For programming having a multipurpose language like Python will save you when the client has a weird requirement in their data and you have to code around it and SQL will just not cut it and Spark was not made for that type of problem (e.g. fixed width files with slow data change capturing). Thus I recommend you learn the languages in that particular order since most people when using spark actually code in Spark-SQL.
For the coursework I say get a masters degree or an online MOOC (not likely to be good) that can teach data science concepts in detail. A lot of software engineers and analysts think that by just importing SciKit learn or using a deep learning model that they can solve all business problems thrown at them with the added benefit that it all sounds fancy enough that stake holders will be happy to boast about the buzzwords. But in time, the big data algorithm will more difficult to maintain and to also explain its output. After a while, stakeholders will lose confidence in your convoluted answers when they ask how it works and why you chose that algorithm other another fancy model that they learn about in another blog post. Thus, getting a higher level degree in analytics will teach you that the more simple the math that accurately predicts or explain a problems, then, the more powerful that mathematical model is.

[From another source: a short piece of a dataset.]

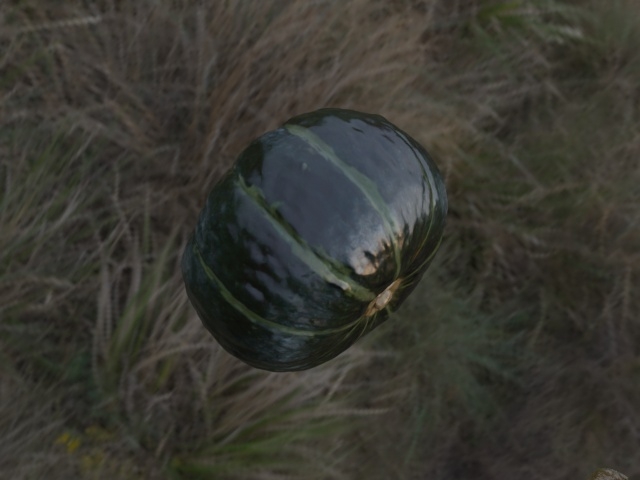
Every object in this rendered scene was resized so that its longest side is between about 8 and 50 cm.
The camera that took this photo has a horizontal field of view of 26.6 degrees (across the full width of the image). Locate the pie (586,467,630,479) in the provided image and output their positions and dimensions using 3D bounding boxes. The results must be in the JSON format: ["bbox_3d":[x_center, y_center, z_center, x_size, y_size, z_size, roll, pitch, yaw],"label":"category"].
[{"bbox_3d":[0.427,0.384,1.834,0.195,0.046,0.195,24,24,-11],"label":"pie"}]

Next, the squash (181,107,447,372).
[{"bbox_3d":[0.000,0.000,1.198,0.165,0.252,0.252,42,50,17],"label":"squash"}]

I think i just saved you thousands of dollars in tuition...
Learning this skills in this particular order should make you a well rounded Data Engineer. Do not worry if you do not have a certain skillset now. Remember that having a career means constant learning and this constant learning is what we must always strive to do in order to to work in the most smart and efficient way possible.
In all, the path on how to become a Data Engineer is a big one if you are starting from scratch but it is doable and if you are already working as one or plan to transition into a data engineering role I hope this article helps you on finding what things you need to learn in order to be an awesome Data Engineer.